Now consider $f=g-g'$, we want to show that $f$ is $c^\infty$ on $T^2$. We already know that $f$ is analytical on the range $[0,2\pi]^2$, since both $g$ and $g'$ are analytical on this range. Then if $f$ goes back to itself on the boundaries of $[0,2\pi]^2$, namely that if $\forall \phi_1, f(\phi_1,0)=f(\phi_1, 2\pi)$ and that $\forall\phi_2, f(0,\phi_2) = f(2\pi, \phi_2)$, it will be $c^0$. And because $\partial_1f = a-a'$ and $\partial_2f =b-b'$, both are $c^\infty$, $f$ is consequently also $c^\infty$.
Now
\begin{align*}f(0, 2\pi)-f(0,0) &= \int_0^{2\pi}\partial_{\phi_2} f(0, \phi_2)d\phi_2\\&=\int_0^{2\pi}\partial_2gd\phi_2-\int_0^{2\pi}\partial_2g'd\phi_2\\&=\int_0^{2\pi}b(0,\phi_2)d\phi_2-\int_0^{2\pi}b'(0,\phi_2)d\phi_2\\&=\int_2b-\int_2b'\\&=0\text{ (as given) }\end{align*}
Further, since since for all $\phi_1\in[0,2\pi]$, $\partial_1g(\phi_1, 0) = a(\phi_1, 0) = a(\phi_1, 2\pi) = \partial_1g(\phi_1, 2\pi)$ due to continuity of a on $T^2$,
$$\partial_1(g(\phi_1,2\pi)-g(\phi_1,0))=0$$
hence $g(\phi_1,2\pi)-g(\phi_1,0)$ is constant $\forall \phi_1 \in [0,2\pi]$.

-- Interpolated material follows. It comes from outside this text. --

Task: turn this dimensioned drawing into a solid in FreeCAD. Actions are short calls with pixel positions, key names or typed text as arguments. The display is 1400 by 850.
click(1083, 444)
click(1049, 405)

Likewise $g'(\phi_1,2\pi)-g'(\phi_1,0)$ is constant over this range. Then their difference
$f(\phi_1,2\pi)-f(\phi_1,0)$ is also constant over $\phi_1\in[0,2\pi]$.
Since $f(0,2\pi)-f(0,0) = 0$, $\forall \phi_1\in[0,2\pi], f(\phi_1,2\pi)-f(\phi_1,0)=0$.

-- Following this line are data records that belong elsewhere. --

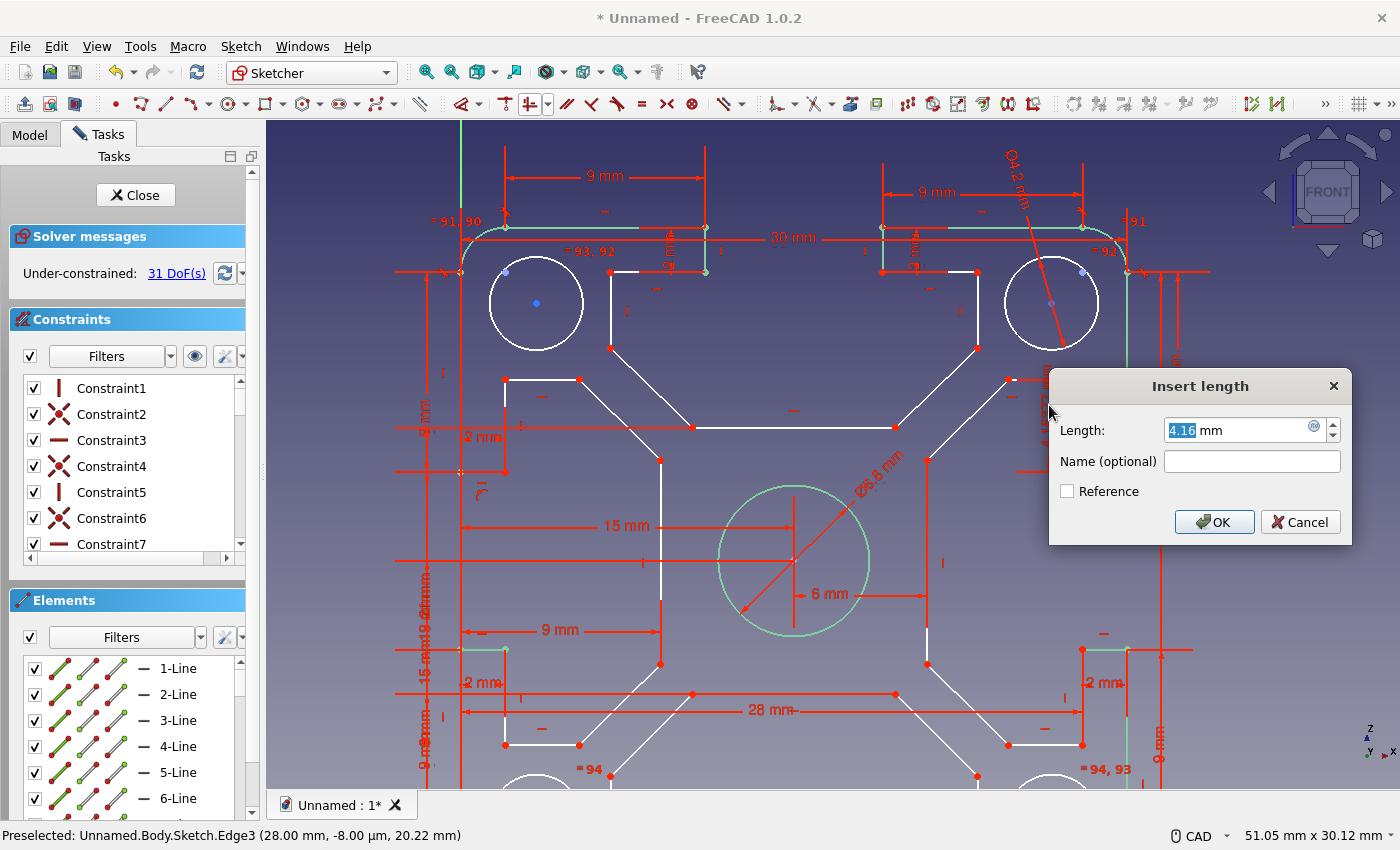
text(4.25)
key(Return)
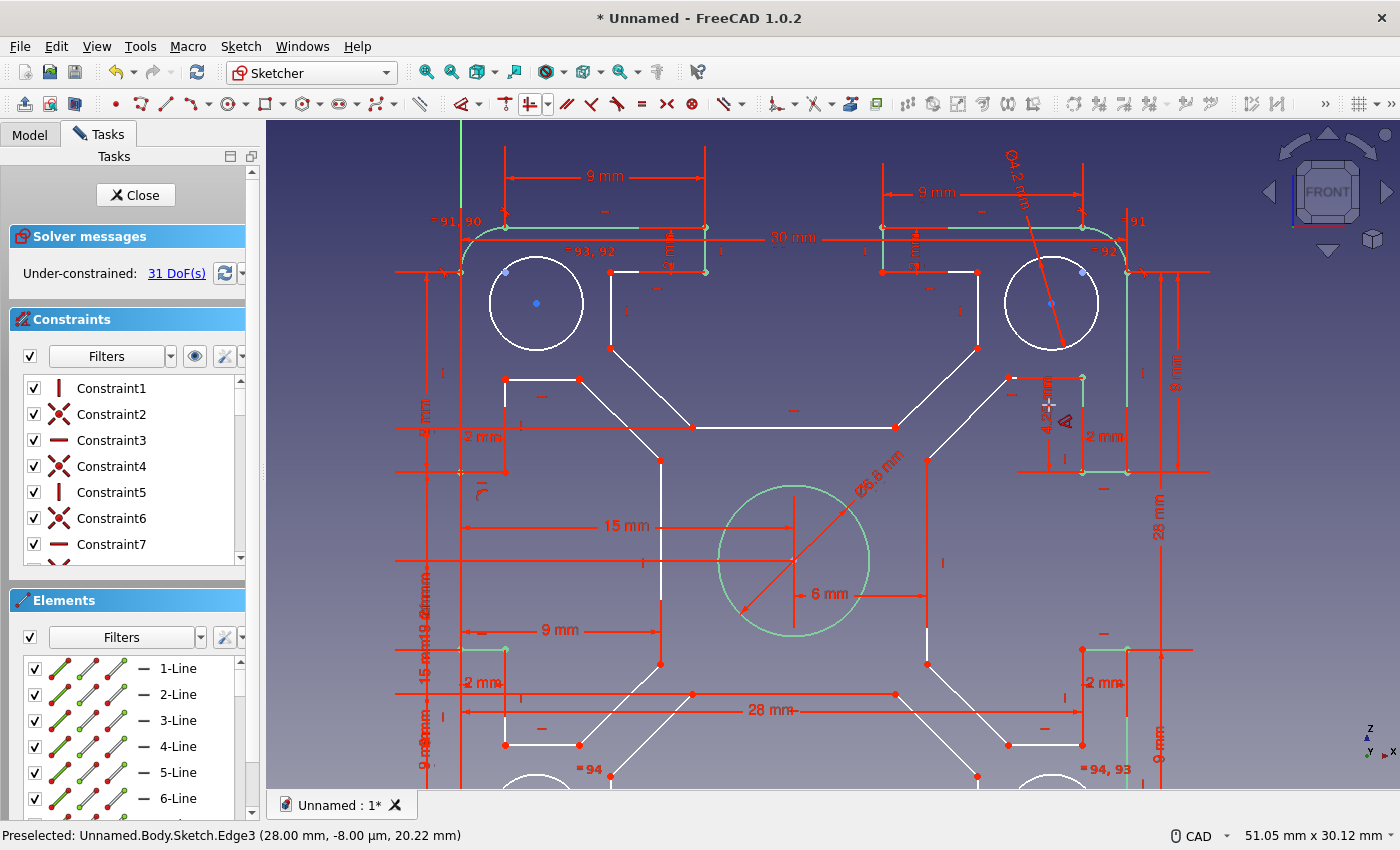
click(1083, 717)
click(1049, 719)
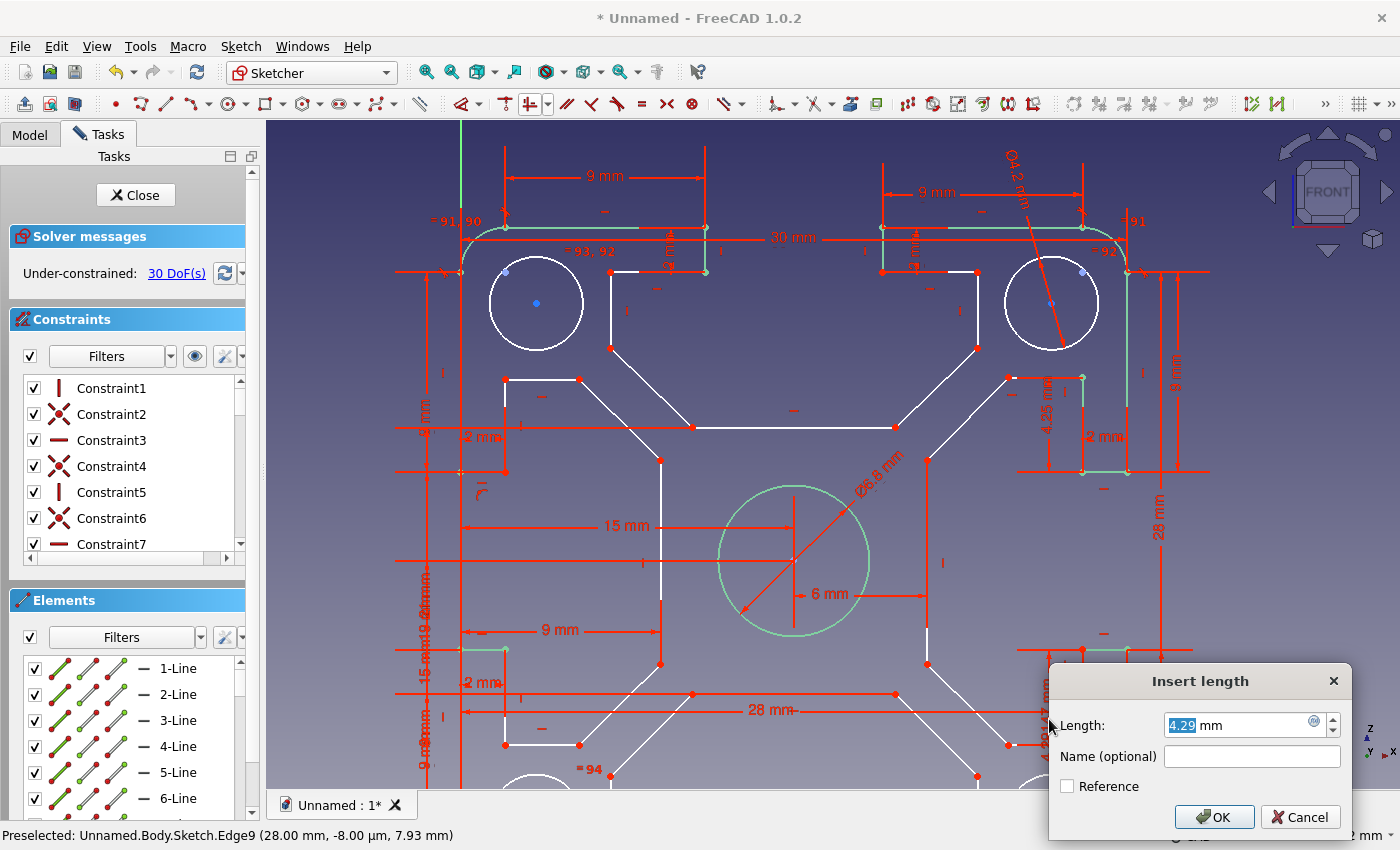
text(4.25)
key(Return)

Symmetrically, by making deductions on $\partial_1g$ and $\partial_1g'$, we shall arrive at $$\forall \phi_2\in[0,2\pi], f(2\pi, \phi_2)-f(0, \phi_2)=0.$$
Hence $f$ is $c^\infty$ on $T^2. Thus
$$(a,b) = (a',b') + (\partial_1f, \partial_2f) =(a'b)+df\Rightarrow [(a,b)]=[(a',b')].$$
- Surjective.
For $(r_1, r_2)\in\R^2$ arbitrarily chosen, we shall define closed form $(a,b)=\left(\frac{r_1}{2\pi},\frac{r_2}{2\pi}\right)$ such that $\partial_2a=\partial_1b=0$. Then $(a,b)\in C$ and $[(a,b)] \in \frac{C}{D}, satisfying:
$$H([(a,b)])=\left(\int_0^{2\pi}\frac{r_1}{2\pi}d\phi_1, \int_0^{2\pi}\frac{r_2}{2\pi}d\phi_2\right)=(r_1,r_2).$$
Hence $H$ is an isomorphism that maps between $H^1(T^2,\R)=\frac{C}{D}$ and $\R^2$. Thus the first cohomology group on $T^2$ has dimension 2.
Remarks
I apologize about the notation $(x,y)$ being used interchangeably for a closed form on $T^2$ and a vector on $\R^2$. But one should be able to infer the meanings from the definitions.
- From the proof of surjection of $H$ as an isomorphism, we see that the two independent dimensions of $\R$ corresponds to the cosets (all the closed forms that are "homologous" to) of the base forms $\omega^1=ad\phi_1+bd\phi_2$, where $a, b\in\R$ are constants from reals. Such $\omega^1$ by itself is closed, because it integrates to 0 over all the boundaries.
- Note that if the lines marked orange and cyan were to be 1-boundaries of some 2-surface, the integral of $\omega^1$ over them will be non-zero. However, these lines are not boundaries to any surfaces due to the particular topology of $T^2$. Hence $ad\phi_1+bd\phi_2$ remains as a closed form over $T^2$, although any "integral" of it will fail to be analytical.
- In fact, integrals over the two marked lines will evaluate to $H(\omega^1)$ as a pair, if they respectively correspond to $\{\phi_2=0\}$ and $\{\phi_1=0\}$. All the closed forms in the coset $[\omega^1]$ will then also evaluate to the same values $H(\omega^1)$ over these two lines, as proven by the "validity" of $H$.